Plasmids and cloning

pLVX-EF1alpha-SARS-CoV-2-nsp1-2XStrep-IRES-Puro and pLVX-EF1alpha-SARS-CoV-2-nsp2-2XStrep-IRES-Puro were provided by N. Krogan. mCherry–Flag was cloned in to the lentiCRISPR v.2 plasmid (Addgene no. 52961) instead of the Cas9 cassette. The viral genomic 5′ UTR was constructed on the basis of nucleotides 4–265 of the reported sequence of SARS-CoV-2 isolate Wuhan-Hu-1 (NC_045512.2) by sequential annealing of DNA oligonucleotides (IDT, 5′UTR oligo_1-5 listed in Supplementary Table 2). The coding sequence for the first 12 amino acids of ORF1a as well as the GFP homology region were added to the 5′ UTR by two PCR amplifications. The viral 5′ UTR with the 12 amino acid region was cloned into pAcGFP1-C1 (Takara Biotech) using restriction-free cloning. The entire expression cassette from the promoter to the poly-A site was amplified and cloned into pDecko-mCherry (Addgene plasmid no. 78534) using restriction-free cloning. Primers for PCR amplification of fragments were ordered from Sigma-Aldrich. The viral subgenomic 5′ leader was amplified from the viral 5′ UTR plasmid using primers containing homologous regions to clone the 5′ leader back into the plasmid. This was subsequently done using restriction-free cloning. For the human beta-globin (HBB) 5′ UTR control plasmid, the HBB 5′ UTR with GFP homology was ordered from Sigma-Aldrich as two oligonucleotides. These were used in a self-priming PCR reaction and inserted upstream of GFP in place of the viral 5′ UTR using restriction-free cloning. All primers and oligonucleotides used for cloning are listed in Supplementary Table 2.

Reporter assay

293T cells were transfected using JetPEI (Polyplus-transfection) following the manufacturer’s instructions. Twenty-four h after transfection cells were imaged on a Zeiss AxioObserver Z1 wide-field microscope using a ×20 objective and Axiocam 506 mono camera and assayed for reporter expression by flow cytometry on a BD Accuri C6 flow cytometer. In parallel, cells were assayed for expression of NSP1, NSP2 and mCherry–Flag and reporter mRNA levels as detailed in ‘Flow cytometry analysis of Strep and Flag tags’ and ‘Quantitative real-time PCR analysis’.

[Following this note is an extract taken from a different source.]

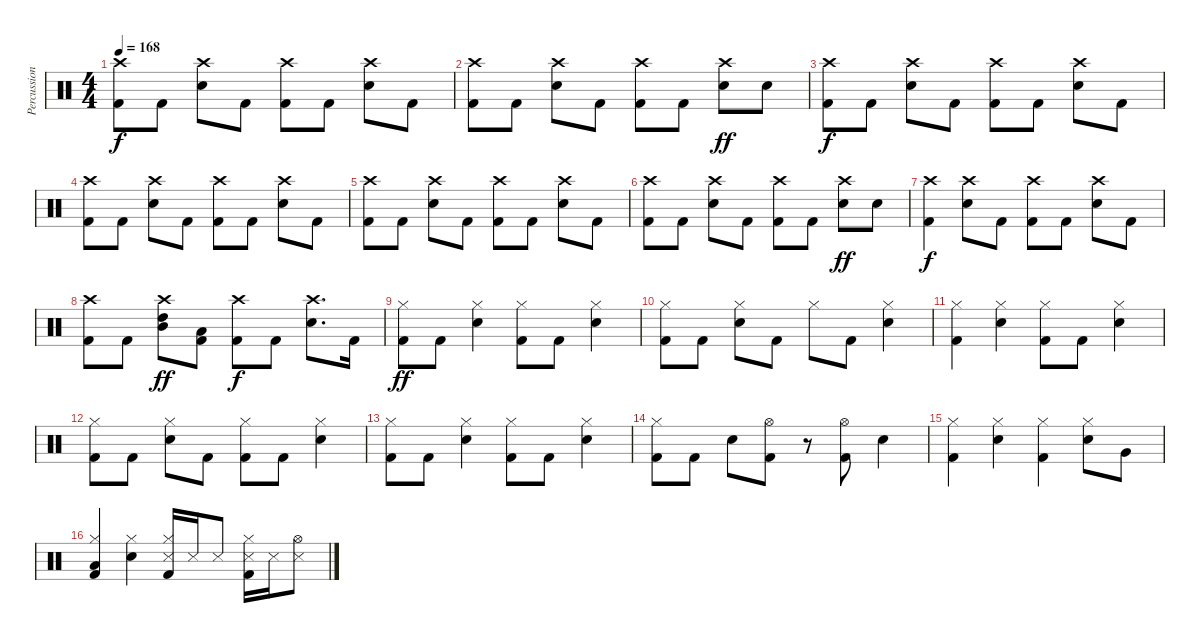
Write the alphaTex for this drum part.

Flow cytometry analysis of Strep and Flag tags

The expression of NSP1, NSP2 and mCherry was verified by staining of the fused tags, Strep tag for NSP1 and NSP2 and Flag tag for mCherry, followed by flow cytometry. Cells were fixed in 4% paraformaldehyde, permeabilized in 0.1% Triton X100, and stained using either Strep-TactinXT DY-649 (IBA-lifesciences) or Alexa Fluor647 anti-DYKDDDDK Tag Antibody (BioLegend). Flow cytometry analysis was performed on BD Accuri C6 and analysed on FlowJo. Normalization to the mode is presented in the histograms.

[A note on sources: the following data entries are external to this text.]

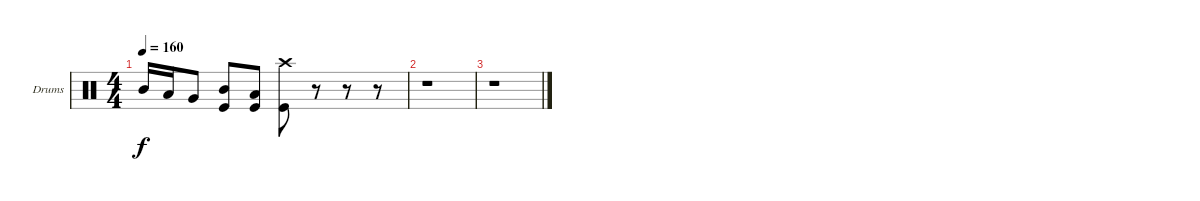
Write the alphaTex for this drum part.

\bracketExtendMode groupsimilarinstruments
\firstSystemTrackNameOrientation horizontal
\otherSystemsTrackNameOrientation horizontal
\track ("Drumkit" "Drums") {instrument percussion}
\staff {score}
\articulation defaults
\ts (4 4)
\tempo 160
\clef neutral
\ks c "Mid Tom (hit)".16{dy f} "Low Tom (hit)".16 "Very Low Tom (hit)".8
("Mid Tom (hit)" "Kick (hit)").8 ("Low Tom (hit)" "Kick (hit)").8 ("Crash high (hit)" "Kick (hit)").8 r.8 r.8 r.8 |
r.1 |
r.1

Quantitative real-time PCR analysis

Total RNA was extracted using Direct-zol RNA Miniprep Kit (Zymo Research) following the manufacturer’s instructions. cDNA was prepared using qScript FLEX cDNA Synthesis Kit with random primers (Quanta Biosciences) following the manufacturer’s instructions. Real-time PCR was performed using the SYBR Green PCR master-mix (ABI) on the QuantStudio 12K Flex (ABI) with the following primers (forward, reverse): GFP (TGACCCTGAAGTTCATCTGC, GAAGTCGTGCTGCTTCATGT); mCherry (ACCGCCAAGCTGAAGGTGAC, GACCTCAGCGTCGTAGTGGC); and 18S (CTCAACACGGGAAACCTCAC, CGCTCCACCAACTAAGAACG)

GFP and mCherry mRNA levels were calculated relative to 18S rRNA.


Figure 4g was created with BioRender. Fluorescence-activated cell sorting figures were created with FlowJo and the rest of the figures were drawn with ggplot2 in R.

Reporting summary

Further information on research design is available in the Nature Research Reporting Summary linked to this paper.